Material for the task:
--- START ---

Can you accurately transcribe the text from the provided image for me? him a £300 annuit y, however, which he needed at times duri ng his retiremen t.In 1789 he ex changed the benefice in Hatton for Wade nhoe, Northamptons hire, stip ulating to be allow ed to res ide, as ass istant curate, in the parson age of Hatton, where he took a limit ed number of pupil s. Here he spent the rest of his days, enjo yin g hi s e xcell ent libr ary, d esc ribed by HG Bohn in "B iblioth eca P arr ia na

--- END ---
--- START ---

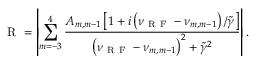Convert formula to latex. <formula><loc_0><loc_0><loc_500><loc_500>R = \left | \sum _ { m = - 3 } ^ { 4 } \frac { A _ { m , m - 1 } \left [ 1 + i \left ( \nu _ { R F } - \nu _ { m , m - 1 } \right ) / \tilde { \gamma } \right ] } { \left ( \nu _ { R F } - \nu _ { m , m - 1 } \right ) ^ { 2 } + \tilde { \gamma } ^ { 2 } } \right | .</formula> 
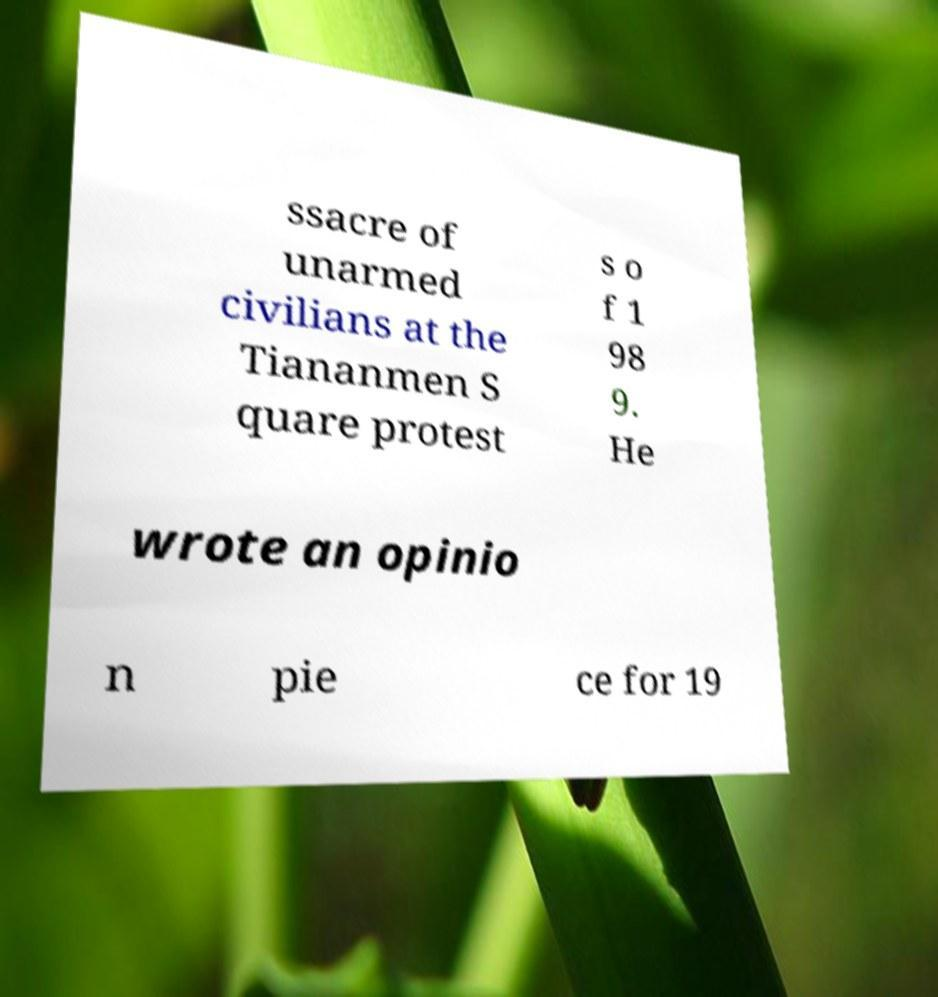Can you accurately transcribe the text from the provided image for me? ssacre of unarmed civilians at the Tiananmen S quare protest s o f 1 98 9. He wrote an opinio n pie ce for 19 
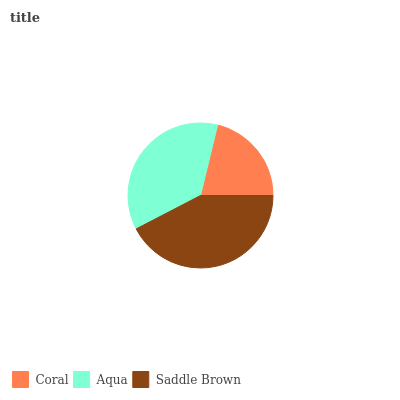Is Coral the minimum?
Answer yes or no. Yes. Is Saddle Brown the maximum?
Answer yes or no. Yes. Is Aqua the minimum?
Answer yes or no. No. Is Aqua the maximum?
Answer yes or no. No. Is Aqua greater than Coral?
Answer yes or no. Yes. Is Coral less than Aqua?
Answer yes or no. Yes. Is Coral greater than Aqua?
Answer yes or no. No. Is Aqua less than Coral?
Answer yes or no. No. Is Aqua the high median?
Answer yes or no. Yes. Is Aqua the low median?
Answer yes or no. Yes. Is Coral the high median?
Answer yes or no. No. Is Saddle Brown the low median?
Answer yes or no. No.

--- END ---

What the task asks: Pull each line containing the word "less" out of the data above.

Answer for the task:
Answer yes or no. Yes. Is Coral less than Aqua?
Answer yes or no. No. Is Aqua less than Coral?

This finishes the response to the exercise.